Munro’s achievement lies in developing a technique and a voice with which to do this, and in something else: She did not think she had to move to Paris or London or Ibiza to make contact with her muse. It never occurred to her to feel marginalized as a Canadian writer; she did not think real life happened elsewhere. The self-confidence she had in her material enabled her to make Huron County as vivid to readers around the world as Balzac’s Paris or Joyce’s Dublin.

What Kind of Camera

Monday, March 12th, 2007

Based on what I’ve been reading on the blogs, it seems one of the most insulting things you can ask a photographer is what kind of camera he or she uses, the suggestion being that if you had the same kind of camera you could take pictures like that too. Nobody asks an artist what kind of brush he or she used to make that painting, right? Nobody thinks, boy, if I could just find the right pencil, I could write like Hemingway.

Yet there must be something worth learning from the decisions an artist makes. Much has been made of how Richard Avedon would stand beside the camera when taking portraits, not looking through a viewfinder but instead being face to face with his subjects. That, or there must be some reason why a photographer would decide to lug around an 8×10 view camera when 35mm would pretty much get the job done if pictures are the thing. That’s a lot of work for a picture. Ideally the thing would be not having to have a camera at all.
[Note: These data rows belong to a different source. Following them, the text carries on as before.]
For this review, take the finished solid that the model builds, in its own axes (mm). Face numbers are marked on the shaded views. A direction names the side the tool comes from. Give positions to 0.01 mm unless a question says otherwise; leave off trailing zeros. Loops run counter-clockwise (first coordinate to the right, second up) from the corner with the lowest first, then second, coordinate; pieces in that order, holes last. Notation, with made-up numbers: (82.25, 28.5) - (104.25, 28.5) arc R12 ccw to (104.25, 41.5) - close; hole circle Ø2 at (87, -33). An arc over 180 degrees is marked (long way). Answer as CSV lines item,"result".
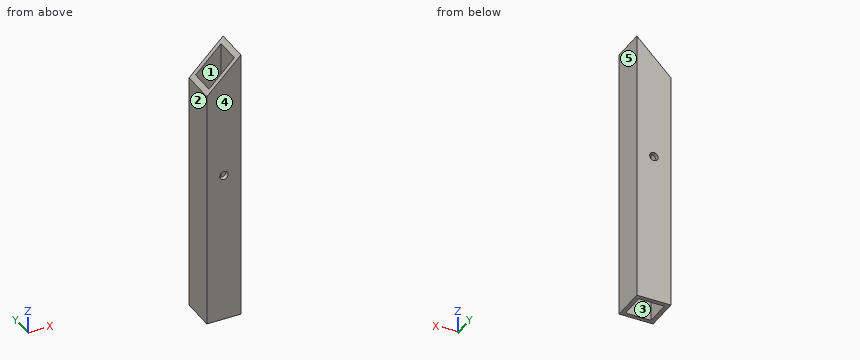
Autodesk Inventor part; units mm, degrees
ref_plane "YZ Plane" through (0, 0, 0) normal (1, 0, 0) x (0, 1, 0)
ref_plane "XZ Plane" through (0, 0, 0) normal (0, 1, 0) x (-1, 0, 0)
ref_plane "XY Plane" through (0, 0, 0) normal (0, 0, 1) x (1, 0, 0)
sketch "Sketch1" plane through (0, 0, 0) normal (0, 0, 1) x (1, 0, 0)
  line L0 (-12.7, 12.7) -> (12.7, 12.7)
  line L1 (12.7, 12.7) -> (12.7, -12.7)
  line L2 (12.7, -12.7) -> (-12.7, -12.7)
  line L3 (-12.7, -12.7) -> (-12.7, 12.7)
  line L4 (-9.525, 9.525) -> (9.525, 9.525)
  line L5 (9.525, 9.525) -> (9.525, -9.525)
  line L6 (9.525, -9.525) -> (-9.525, -9.525)
  line L7 (-9.525, -9.525) -> (-9.525, 9.525)
  point P0 (0, 0)
  dimension "d0" = 25.4
  dimension "d1" = 25.4
  dimension "d2" = 12.7
  dimension "d3" = 12.7
  dimension "d4" = 3.175
  dimension "d5" = 3.175
  dimension "d6" = 3.175
  dimension "d7" = 3.175
extrude "Extrusion1" add sketch "Sketch1" along normal blind 206.375
sketch "Sketch4" plane through (-12.7, 12.7, 0) normal (0, 1, 0) x (1, 0, 0)
  line L0 (0, -206.375) -> (25.4, -206.375)
  line L1 (0, 0) -> (0, -206.375)
  line L2 (25.4, -206.375) -> (0, -180.975)
  point P0 (12.7, 0)
  dimension "d16" = 45
extrude "Extrusion4" cut sketch "Sketch4" against normal blind 25.4
sketch "Sketch5" plane through (-12.7, 12.7, 0) normal (0, 1, 0) x (1, 0, 0)
  line L0 (25.4, 0) -> (25.4, -206.375)
  line L1 (0, 0) -> (25.4, 0)
  circle A0 centre (12.7, -114.3) radius 3.175
  point P0 (12.7, 0)
  dimension "d19" = 114.3
  dimension "d20" = 12.7
  dimension "d21" = 6.35
extrude "Extrusion5" cut sketch "Sketch5" against normal blind 25.4
properties part number "edge frame tube1"
1) Consider section A-A on y = 0. Write out the cut boundary in (x, z) (3 decimals).
From the geometry:
outline,"(-12.7, 0) - (-9.525, 0) - (-9.525, 184.15) - (-12.7, 180.975) - close; (9.525, 0) - (12.7, 0) - (12.7, 206.375) - (9.525, 203.2) - close"
2) Machinability: for the marked faces 1 and 2, which of the approach directions +Z, -Z, +X, -X, +Y, -Y give a long, thin tool a straight path to every point of the face, cutting with its end or side? Answer none if there is none.
From the geometry:
face 1,"+Z, -Z"
face 2,"+Z, -Z, -X, +Y, -Y"
3) Consider section C-C on z = 47. Write out the cut boundary in (x, y) (3 decimals), and give its area (3 significant figures).
From the geometry:
outline,"(-12.7, -12.7) - (12.7, -12.7) - (12.7, 12.7) - (-12.7, 12.7) - close; hole (-9.525, -9.525) - (9.525, -9.525) - (9.525, 9.525) - (-9.525, 9.525) - close"
area,"282 mm^2"
4) Insertion check: P1, Ø5.5, axis at x = 0, z = 114.3, coming from the -Y side. The pin has a flat end and moves straight along its axis. Give the tip position at first contact, or say it passes through.
From the geometry:
P1,"passes through"
5) Consider section B-B on z = 114.3. Write out the cut boundary in (x, y) (3 decimals).
From the geometry:
outline,"(-12.7, -12.7) - (-3.175, -12.7) - (-3.175, -9.525) - (-9.525, -9.525) - (-9.525, 9.525) - (-3.175, 9.525) - (-3.175, 12.7) - (-12.7, 12.7) - close; (3.175, -12.7) - (12.7, -12.7) - (12.7, 12.7) - (3.175, 12.7) - (3.175, 9.525) - (9.525, 9.525) - (9.525, -9.525) - (3.175, -9.525) - close"
6) Consider section D-D on x = 0. Write out the cut boundary in (y, z) (3 decimals), and give its area (3 significant figures).
From the geometry:
outline,"(-12.7, 0) - (-9.525, 0) - (-9.525, 111.125) - (-12.7, 111.125) - close; (-12.7, 117.475) - (-9.525, 117.475) - (-9.525, 193.675) - (-12.7, 193.675) - close; (9.525, 0) - (12.7, 0) - (12.7, 111.125) - (9.525, 111.125) - close; (9.525, 117.475) - (12.7, 117.475) - (12.7, 193.675) - (9.525, 193.675) - close"
area,"1,190 mm^2"
7) Wall thickness on line 1 (X direction, y = -3, z = 33) (3 decimals); line 2 (X direction, y = 11, z = 114.3) (3 decimals): over which ranges is each line inside the solid? List them lowest first. Write a range as from..to.
From the geometry:
line 1,"x = -12.7..-9.525, 9.525..12.7"
line 2,"x = -12.7..-3.175, 3.175..12.7"
8) Draft analysis for pull direction Y (two halves, no side actions). For the marked faces 3, 4 and 5, state which applies: pulls with the +Y half, pulls with the -Y half, needs draft (parallel to the pull), parting line crosses it, or undercut.
From the geometry:
face 3,"undercut"
face 4,"pulls with the -Y half"
face 5,"needs draft"
For this review, take the finished solid that the model builds, in its own axes (mm). Coordinates: 2 decimals unless noted, no trailing zeros. Order: outer loops, then holes, each group sorted by start corner. A loop starts at its lowest first (then second) coordinate and runs counter-clockwise, first axis right, second up. Notation, with made-up numbers: (84.5, 13.25) - (124.5, 13.25) arc R32 ccw to (124.5, 42.25) - close; hole circle Ø7 at (-0.75, 54.25). An arc over 180 degrees is marked (long way). One line per item, written item: value. Start each with the question number.
(1) Clearance check with flat-ended pins moving along their axes: pin 1 (8 mm diameter, centred on x = 6.5, y = -174, fed in from +Z); pin 2 (10 mm diameter, centred on x = 4.5, z = 155.5, fed in from +Y); pin 3 (10 mm diameter, centred on y = 176.78, z = -176.78, fed in from +X); pin 4 (2 mm diameter, centred on x = 6.5, y = -106.5, fed in from -Z). State where each tip first meets the part, or that it passes through.
(2) Mouldability with a two-part tool opening along Y and no side actions: class faces 1 (the cylindrical face through (10.14, 180.641, -181.816)), 2 (the cylindrical face through (9.86, 78.097, -247.994)), 3 (the flat face through (20, 4, 4)) as released by +Y, released by -Y, zero draft, split by the parting line, or undercut.
(3) To check wall thickness, follow line 1 along Y through (x, z) = (8.5, 0); line 2 along Z through (x, y) = (10, -0.5); line 3 along Y through (x, z) = (2, -172). State the ranges of each line that lie inside material, in increasing order.
(4) Consider section A-A on z = 0. Write out the cut boundary in (x, y), then the cut area to 3 significant figures.
(5) Consider section C-C on y = -250. Write out the cut boundary in (x, z), then the cut area to 3 significant figures.
(6) Consider section D-D on z = -149. Write out the cut boundary in (x, y), then the cut area to 3 significant figures.
(7) Consider section B-B on x = 11.25. Write out the cut boundary in (y, z), then the cut area to 3 significant figures.
```python
from build123d import *

# Parameters (mm, degrees)
SKETCH1_R                         = 260
BOSS_EXTRUDE1_DEPTH               = 20
F_1_2_13_TAPPED_HOLE1_D           = 10.71626
F_1_2_13_TAPPED_HOLE1_DEPTH       = 70.4
F_1_2_13_TAPPED_HOLE1_CBORE_D     = 12.7
F_1_2_13_TAPPED_HOLE1_CBORE_DEPTH = 64.5
F_1_2_13_TAPPED_HOLE1_TIP         = 3.219489309


with BuildPart() as part:
    # Sketch1 → Boss-Extrude1 (new body)
    with BuildSketch(Plane(origin=(0, 0, 0), x_dir=(0, 0, -1), z_dir=(1, 0, 0))):
        Circle(SKETCH1_R)
    extrude(amount=BOSS_EXTRUDE1_DEPTH)

    # 1/2-13 Tapped Hole1
    with Locations(Plane(origin=(20, 176.776695297, 176.776695297), x_dir=(0, 0, 1), z_dir=(1, 0, 0))):
        with Locations((0, 0), (-353.553390594, 0), (-176.776695297, 426.776695297), (-176.776695297, 325.879201874)):
            CounterBoreHole(F_1_2_13_TAPPED_HOLE1_D / 2, F_1_2_13_TAPPED_HOLE1_CBORE_D / 2, F_1_2_13_TAPPED_HOLE1_CBORE_DEPTH, depth=F_1_2_13_TAPPED_HOLE1_DEPTH)
            with Locations((0, 0, -(F_1_2_13_TAPPED_HOLE1_DEPTH + F_1_2_13_TAPPED_HOLE1_TIP / 2))):  # 118° drill point
                Cone(0, F_1_2_13_TAPPED_HOLE1_D / 2, F_1_2_13_TAPPED_HOLE1_TIP, mode=Mode.SUBTRACT)


solid = part.part
```
Geometry check:
1. pin 1: stops at z = 196.72
1. pin 2: stops at y = 212.01
1. pin 3: passes through
1. pin 4: stops at z = -237.63
2. face 1: undercut
2. face 2: split by the parting line
2. face 3: zero draft
3. line 1: y = -260 to -256.35, -243.65 to -155.45, -142.75 to 260
3. line 2: z = -260 to 260
3. line 3: y = -194.98 to 172.59, 180.96 to 194.98
4. outline: (0, -260) - (20, -260) - (20, -256.35) - (0, -256.35) - close; (0, -243.65) - (20, -243.65) - (20, -155.45) - (0, -155.45) - close; (0, -142.75) - (20, -142.75) - (20, 260) - (0, 260) - close
4. area: 9,890 mm^2
5. outline: (0, -71.41) - (20, -71.41) - (20, -6.35) - (0, -6.35) - close; (0, 6.35) - (20, 6.35) - (20, 71.41) - (0, 71.41) - close
5. area: 2,600 mm^2
6. outline: (0, -213.07) - (20, -213.07) - (20, 213.07) - (0, 213.07) - close
6. area: 8,520 mm^2
7. outline: circle Ø520 at (0, 0); hole circle Ø12.7 at (-250, 0); hole circle Ø12.7 at (-149.1, 0); hole circle Ø12.7 at (176.78, -176.78); hole circle Ø12.7 at (176.78, 176.78)
7. area: 212,000 mm^2
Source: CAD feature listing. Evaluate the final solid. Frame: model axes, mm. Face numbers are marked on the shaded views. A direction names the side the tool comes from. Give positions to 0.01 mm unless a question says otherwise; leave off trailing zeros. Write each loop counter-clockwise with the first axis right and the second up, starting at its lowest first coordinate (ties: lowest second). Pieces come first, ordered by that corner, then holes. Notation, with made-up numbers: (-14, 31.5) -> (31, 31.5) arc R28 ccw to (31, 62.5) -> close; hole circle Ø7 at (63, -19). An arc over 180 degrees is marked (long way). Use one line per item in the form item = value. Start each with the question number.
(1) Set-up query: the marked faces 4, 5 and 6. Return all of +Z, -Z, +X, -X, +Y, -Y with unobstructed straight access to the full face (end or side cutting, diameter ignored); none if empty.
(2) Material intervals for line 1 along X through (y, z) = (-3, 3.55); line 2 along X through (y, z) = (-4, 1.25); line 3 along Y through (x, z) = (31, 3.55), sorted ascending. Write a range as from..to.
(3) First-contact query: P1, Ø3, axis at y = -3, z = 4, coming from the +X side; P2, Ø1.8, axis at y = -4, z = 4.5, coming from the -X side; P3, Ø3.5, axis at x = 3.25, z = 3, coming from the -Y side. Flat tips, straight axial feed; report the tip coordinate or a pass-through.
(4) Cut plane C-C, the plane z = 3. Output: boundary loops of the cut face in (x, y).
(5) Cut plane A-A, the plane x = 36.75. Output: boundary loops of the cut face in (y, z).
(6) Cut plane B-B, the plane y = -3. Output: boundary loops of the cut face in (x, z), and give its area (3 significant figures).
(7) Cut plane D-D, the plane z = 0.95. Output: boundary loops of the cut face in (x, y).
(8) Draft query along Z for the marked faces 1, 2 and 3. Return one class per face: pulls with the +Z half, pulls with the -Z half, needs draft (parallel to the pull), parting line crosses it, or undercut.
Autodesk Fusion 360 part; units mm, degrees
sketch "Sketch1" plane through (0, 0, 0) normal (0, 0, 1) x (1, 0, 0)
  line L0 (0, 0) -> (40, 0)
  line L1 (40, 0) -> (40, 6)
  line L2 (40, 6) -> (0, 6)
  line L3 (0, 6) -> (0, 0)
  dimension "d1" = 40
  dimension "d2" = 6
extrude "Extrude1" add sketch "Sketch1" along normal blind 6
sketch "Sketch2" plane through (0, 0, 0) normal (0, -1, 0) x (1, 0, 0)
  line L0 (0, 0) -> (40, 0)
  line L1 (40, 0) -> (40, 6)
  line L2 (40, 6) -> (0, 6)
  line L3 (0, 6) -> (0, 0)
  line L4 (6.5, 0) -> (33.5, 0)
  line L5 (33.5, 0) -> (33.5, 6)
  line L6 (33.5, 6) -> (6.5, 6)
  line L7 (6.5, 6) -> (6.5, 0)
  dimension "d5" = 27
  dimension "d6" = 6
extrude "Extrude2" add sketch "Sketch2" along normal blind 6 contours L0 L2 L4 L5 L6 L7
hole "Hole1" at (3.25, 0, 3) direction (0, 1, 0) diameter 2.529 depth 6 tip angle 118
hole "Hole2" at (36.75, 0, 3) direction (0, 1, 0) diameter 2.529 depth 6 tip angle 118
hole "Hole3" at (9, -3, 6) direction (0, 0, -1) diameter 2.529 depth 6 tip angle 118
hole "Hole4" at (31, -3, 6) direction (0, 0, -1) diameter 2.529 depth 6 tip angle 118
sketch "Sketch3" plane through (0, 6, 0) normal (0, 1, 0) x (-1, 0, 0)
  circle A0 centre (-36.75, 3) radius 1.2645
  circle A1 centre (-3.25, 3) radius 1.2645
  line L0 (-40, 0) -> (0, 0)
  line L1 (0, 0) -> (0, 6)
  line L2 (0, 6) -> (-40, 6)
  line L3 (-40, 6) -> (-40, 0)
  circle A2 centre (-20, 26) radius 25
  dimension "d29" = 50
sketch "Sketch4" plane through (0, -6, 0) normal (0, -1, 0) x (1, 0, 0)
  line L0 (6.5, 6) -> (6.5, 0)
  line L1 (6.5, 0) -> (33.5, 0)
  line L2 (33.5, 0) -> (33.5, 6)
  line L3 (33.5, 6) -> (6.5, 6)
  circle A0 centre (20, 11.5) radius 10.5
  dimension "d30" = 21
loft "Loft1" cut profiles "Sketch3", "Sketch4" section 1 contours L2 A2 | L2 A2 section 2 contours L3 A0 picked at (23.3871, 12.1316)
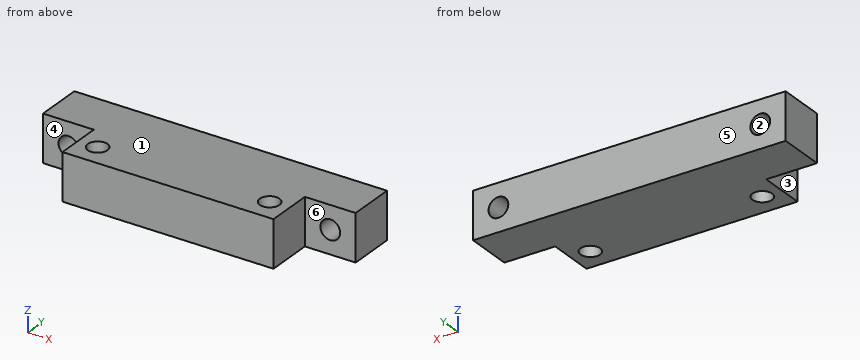
Geometry says:
q1.face_4 = +Z, -Z, -X, -Y
q1.face_5 = +Z, -Z, +X, -X, +Y
q1.face_6 = +Z, -Z, +X, -Y
q2.line_1 = 6.5..7.74, 10.26..29.74, 32.26..33.5
q2.line_2 = 6.5..8.23, 9.77..30.23, 31.77..33.5
q2.line_3 = -6..-4.26, -1.74..6
q3.P1 = 33.5
q3.P2 = 6.5
q3.P3 = 0
q4.outline = (0, 0) -> (1.99, 0) -> (1.99, 6) -> (0, 6) -> close; (4.51, 0) -> (6.5, 0) -> (6.5, -6) -> (33.5, -6) -> (33.5, 0) -> (35.49, 0) -> (35.49, 6) -> (4.51, 6) -> close; (38.01, 0) -> (40, 0) -> (40, 6) -> (38.01, 6) -> close; hole circle Ø2.53 at (9, -3); hole circle Ø2.53 at (31, -3)
q5.outline = (0, 0) -> (6, 0) -> (6, 1.74) -> (0, 1.74) -> close; (0, 4.26) -> (6, 4.26) -> (6, 6) -> (0, 6) -> close
q6.outline = (6.5, 0) -> (7.74, 0) -> (7.74, 6) -> (6.5, 6) -> close; (10.26, 0) -> (29.74, 0) -> (29.74, 6) -> (10.26, 6) -> close; (32.26, 0) -> (33.5, 0) -> (33.5, 6) -> (32.26, 6) -> close
q6.area = 132 mm^2
q7.outline = (0, 0) -> (6.5, 0) -> (6.5, -6) -> (33.5, -6) -> (33.5, 0) -> (40, 0) -> (40, 6) -> (0, 6) -> close; hole circle Ø2.53 at (9, -3); hole circle Ø2.53 at (31, -3)
q8.face_1 = pulls with the +Z half
q8.face_2 = undercut
q8.face_3 = needs draft

Avedon is said to have once told Truman Capote, “I hate cameras.”

Strangely, someone who didn’t hate cameras was Diane Arbus. In December 1970 she wrote this in a letter to Allan Arbus and Mariclare Costello: …Have gotten obsessed with buying a new camera. Utterly smitten with the new 6×7 pentax. (2 1/4 x 2 3/4). Its just like a big Nikon, which is what Ive always wanted… What it could do is make the pictures more narrative and temporal, less fixed and single and complete and isolated, more dynamics, more things happening. Id like that. The difference knocks me out. Of course it’s not to the good, not yet anyway, and probably it wouldn’t be so apparent to anybody else, I mean nobody else gives a shit, but that’s OK…

Sigma DP1

Thursday, March 8th, 2007

Sigma Corporation has announced the launch of the DP1. Pictures show that it has a hotshoe and there’s an external viewfinder available. Also, it looks nicer than the iteration they came out with last September. That one looked kind of cheap. I like what improvements they’ve made to this one. You just can’t get better than a black box if you ask me. The specs suggest this may be the digital version of the Contax T3 that I’ve been wanting. More information at Sigma’s website and dpreview.

Leica D SUMMILUX 25mm F/1.4 ASPH

Wednesday, March 7th, 2007

Panasonic is coming out with a 25mm F/1.4 for 4/3 system cameras, eg. the Olympus E-410. It’s about three inches long and weighs over a pound, smaller than a big honking zoom but not by much. More info at dpreview.

Canon G7

Tuesday, March 6th, 2007

According to luminous landscape, the G7 comes close to being the digital Contax T3 that I have been looking for but its fatal flaw is not having RAW capability. I would like to be able to shoot RAW not so much for the higher quality (to be honest I can’t tell most of the time) but for the ability for post-processing when I’ve blown it with the exposure.

Olympus E-410

Monday, March 5th, 2007

Olympus has announced a newer version of its E-400 but no lens that makes it good for a carry-everywhere camera.